VOLTAIRE. Dicionário Filosófico. Verbete “amor próprio”.

Disponível em : http://www.dominiopublico.gov.br/download/texto/cv000022.pdf. Acesso em: 23 maio


2019.
ATIVIDADE 2
Leia o fragmento da obra O Príncipe, de Maquiavel, que
apresenta a política como “cenário” privilegiado da manifestação
da astúcia para vencer em situações reais.
Escreva um comentário sobre aspectos relativos ao
comportamento humano, presentes no fragmento de texto de
Maquiavel.
CAPÍTULO XV
DAQUELAS COISAS PELAS QUAIS OS HOMENS, E
ESPECIALMENTE OS PRÍNCIPES, SÃO LOUVADOS OU
RECRIMINADOS
(...) sendo minha intenção escrever algo de útil para quem por tal se
interesse, pareceu-me mais conveniente ir em busca da verdade extraída dos
fatos e não à imaginação dos mesmos, pois muitos conceberam repúblicas e
principados jamais vistos ou conhecidos como se realmente tivessem
existido.

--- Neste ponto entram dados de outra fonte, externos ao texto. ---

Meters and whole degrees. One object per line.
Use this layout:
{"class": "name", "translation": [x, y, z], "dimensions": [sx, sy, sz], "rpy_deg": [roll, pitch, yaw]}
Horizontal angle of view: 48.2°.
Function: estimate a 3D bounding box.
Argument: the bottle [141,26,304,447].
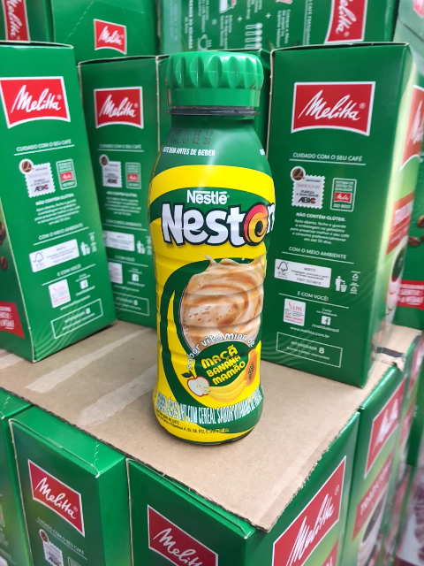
{"class": "bottle", "translation": [0.001, -0.018, 0.229], "dimensions": [0.060, 0.179, 0.060], "rpy_deg": [1, 17, 0]}
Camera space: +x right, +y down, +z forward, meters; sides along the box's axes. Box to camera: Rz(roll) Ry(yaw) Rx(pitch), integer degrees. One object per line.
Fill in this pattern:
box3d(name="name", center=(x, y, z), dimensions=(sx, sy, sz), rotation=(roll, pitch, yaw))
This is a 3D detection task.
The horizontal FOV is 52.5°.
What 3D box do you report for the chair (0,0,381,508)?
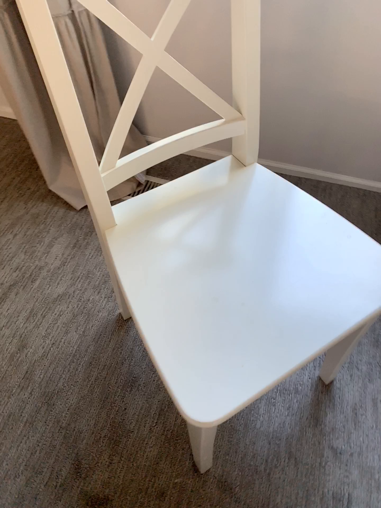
box3d(name="chair", center=(0.072, -0.055, 0.584), dimensions=(0.570, 0.856, 0.482), rotation=(-26, 57, -17))
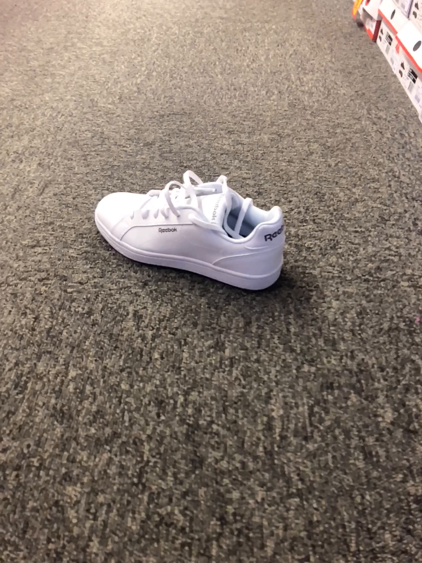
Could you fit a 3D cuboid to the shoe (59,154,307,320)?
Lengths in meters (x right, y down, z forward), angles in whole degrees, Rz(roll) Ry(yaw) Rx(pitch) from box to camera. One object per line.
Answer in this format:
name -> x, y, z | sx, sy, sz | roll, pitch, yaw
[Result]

Em verdade, há tanta diferença de como se vive e como se deveria
viver, que aquele que abandone o que se faz por aquilo que se deveria fazer,
aprenderá antes o caminho de sua ruína do que o de sua preservação, eis que
um homem que queira em todas as suas palavras fazer profissão de bondade,
perder-se-á em meio a tantos que não são bons. Donde é necessário, a um
príncipe que queira se manter, aprender a poder não ser bom e usar ou não da
bondade, segundo a necessidade. (...)
Deixando de parte, assim, os assuntos imaginários para tratar dos verdadeiros,
digo que todos os homens, especialmente os príncipes por estarem situados em
posição mais proeminente, quando analisados, se fazem notar por alguns
daqueles atributos que lhes acarretam ou reprovação ou louvor. (...) Ainda, não
evite o príncipe de incorrer na má reputação por aqueles vícios que, sem eles,
seria difícil manter o Estado; pois, se bem considerado, sempre se encontrará
alguma coisa que, parecendo virtude, se praticada acarretará ruína, e alguma
outra que, com aparência de vício, uma vez seguida dará origem à segurança e
ao bem-estar.

MAQUIAVEL. N. O Príncipe. Edição Ridendo Castigat Mores.